Hi,
I have been using Emacs Orgmode for 3-4 years recording time.
It started out with Sacha Chua:s article "Clocking Time with Emacs Org"
[1] where the org-dblock-write:rangereport did what I needed.
As time went by I have made some adaptations to it and simplified it
but kept the core idea [2].
One addition is: that it is not based no increments of 24*60*60 but 1
day, which removed problems by Daylight savings time (in October).

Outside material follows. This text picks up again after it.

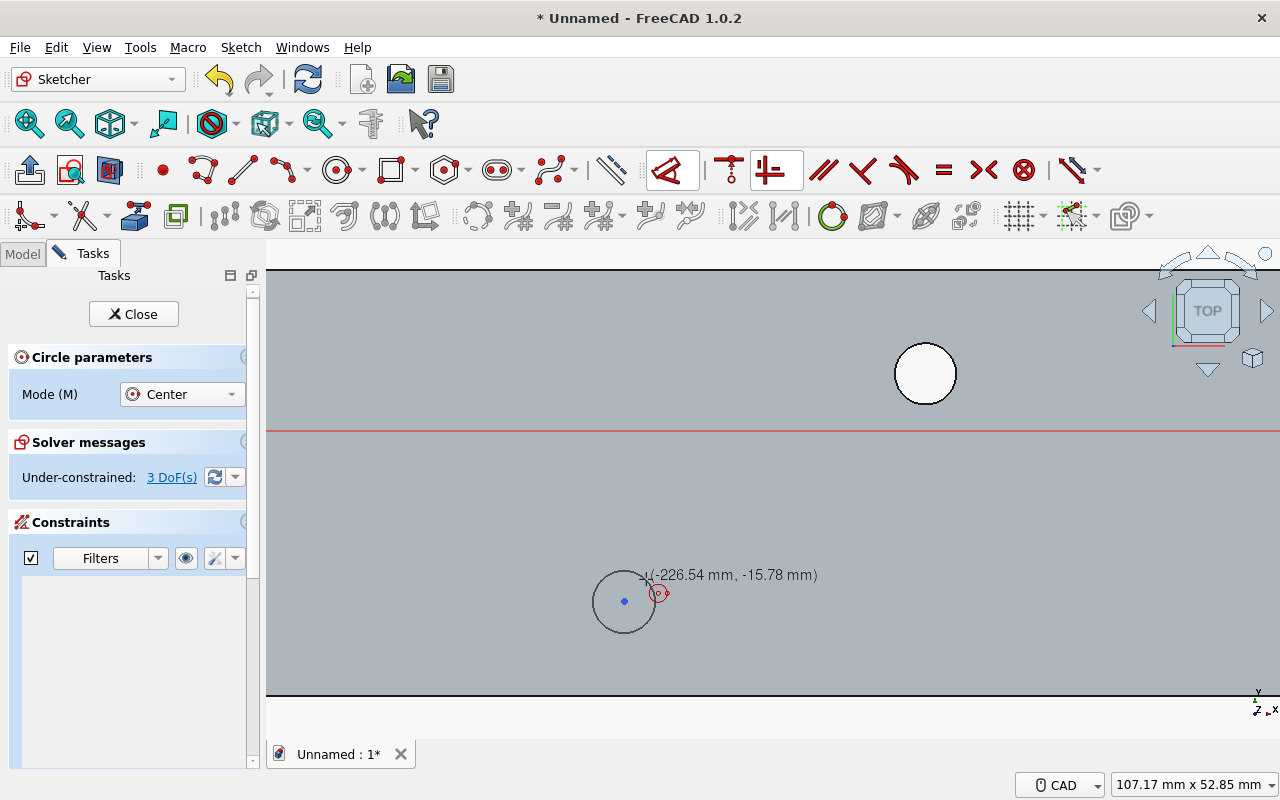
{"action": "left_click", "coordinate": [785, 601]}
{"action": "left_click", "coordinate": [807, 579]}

Maybe more type safe functions exists like in Perl, [3] but I did not
find in org-mode. With my change I rely on that emacs date calculations
are in the same shape as [3]. It worked for this case and I stopped at that.
I am not a full out user of Orgmode and I do not keep project files.
I use one simple file per month to record my work, and it has been a
good choice for me. Maybe someday I can switch to some other structure
but as the CLOCK lines takes some space, I'd rather "forget" CLOCK
history on a monthly basis. Projects do not last more than 2-3 month
anyway and the catch-all internal project that is "never ending" would
become too crowded with CLOCK lines.
It is also easier to spot clocking mistakes if the file is limited to a
month.
Projects can not be summarized across month, but for my reporting needs
that is not needed.
The data is clocked as follows [4] per month. More project,
items and clocked times are in a normal org file, but this
simplified case should do.
I want to expand the report to show start/end time + breaks.
Eg from :
Time report November 2014
<2014-11-05 Wed> -- 8:00 (8.00)
to :
Time report November 2014
<2014-11-05 Wed> -- 8:00 (8.00) s 07:00 e 16:00 b 11:00-12:00,
Format is not set, but I need these time for my reporting.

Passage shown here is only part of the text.